Could you tell me what i should be looking for on 16mm prints on L&H, is there anything i should steer clear off or are they all mostly good. I have seen some on ebay recently go for £40 including The Music Box. It seemed a very good price, but i'm not sure.
Any help with would be very appreciated guy's.
Posted by Dan Lail (Member # 18) on March 24, 2007, 02:54 AM:
Hi, Chris, I have acquired quite a few 16mm L&H prints made by Blackhawk and all are sharp focus with excellent definition. I know what you mean about the super 8 Blackhawks. A bit washed out! I did run across another company that made L&H in 16mm, but I don't recall the name. These were sharp also. This goes for features and shorts. As far as price, I have seen two reelers for around $80.00(40 pounds approx.) on average.

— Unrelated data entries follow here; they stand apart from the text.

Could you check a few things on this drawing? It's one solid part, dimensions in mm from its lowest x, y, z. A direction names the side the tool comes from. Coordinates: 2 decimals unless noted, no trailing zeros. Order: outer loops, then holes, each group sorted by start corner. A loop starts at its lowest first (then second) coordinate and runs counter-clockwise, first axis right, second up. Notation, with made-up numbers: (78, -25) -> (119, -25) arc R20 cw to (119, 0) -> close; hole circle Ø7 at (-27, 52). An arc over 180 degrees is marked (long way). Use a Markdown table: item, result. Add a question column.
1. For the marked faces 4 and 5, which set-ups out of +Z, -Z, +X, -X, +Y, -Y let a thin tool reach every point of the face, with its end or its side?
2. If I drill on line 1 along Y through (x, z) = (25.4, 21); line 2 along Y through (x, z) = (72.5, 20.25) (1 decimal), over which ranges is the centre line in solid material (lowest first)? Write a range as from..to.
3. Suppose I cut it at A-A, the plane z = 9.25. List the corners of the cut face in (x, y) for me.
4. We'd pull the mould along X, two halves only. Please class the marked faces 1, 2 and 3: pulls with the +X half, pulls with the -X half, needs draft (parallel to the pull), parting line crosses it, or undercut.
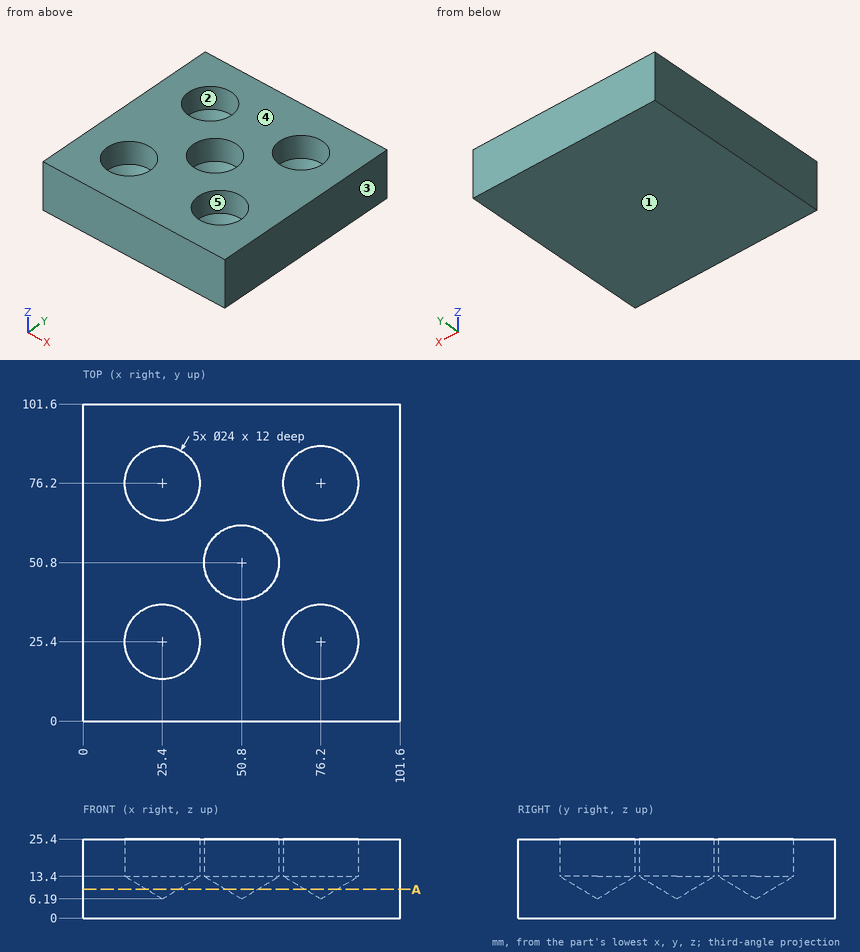
Worked out:
| question | item | result |
|---|---|---|
| 1 | face 4 | +Z, +X, -X, +Y, -Y |
| 1 | face 5 | +Z |
| 2 | line 1 | y = 0..13.4, 37.4..64.2, 88.2..101.6 |
| 2 | line 2 | y = 0..14, 36.8..64.8, 87.6..101.6 |
| 3 | outline | (0, 0) -> (101.6, 0) -> (101.6, 101.6) -> (0, 101.6) -> close; hole circle Ø10.19 at (25.4, 25.4); hole circle Ø10.19 at (25.4, 76.2); hole circle Ø10.19 at (50.8, 50.8); hole circle Ø10.19 at (76.2, 25.4); hole circle Ø10.19 at (76.2, 76.2) |
| 4 | face 1 | needs draft |
| 4 | face 2 | undercut |
| 4 | face 3 | pulls with the +X half |

I.B. Tech is great but don't forget about LPP. Anything printed after 1983 should be on low-fade.
Posted by Chris Quinn (Member # 129) on March 24, 2007, 01:24 PM:
Thanks Dan, I'll keep an eye out for those L&H prints. Yes, the LPP are also worth collecting, but unlike the IB prints they will fade in time, although probably see me out. I just dont want to buy anymore washed out, red or faded prints again, even if this means than i can only afford a very small collection, at least they will all be excellent colour.
Posted by Tony Milman (Member # 7) on March 24, 2007, 02:13 PM:
i know how particular you are about prints. I mean, I have seen you with a magnifying glass against a video projector (oh god did i just use the VP words!!!) screen. Are you sure that 16mm will do enough for you?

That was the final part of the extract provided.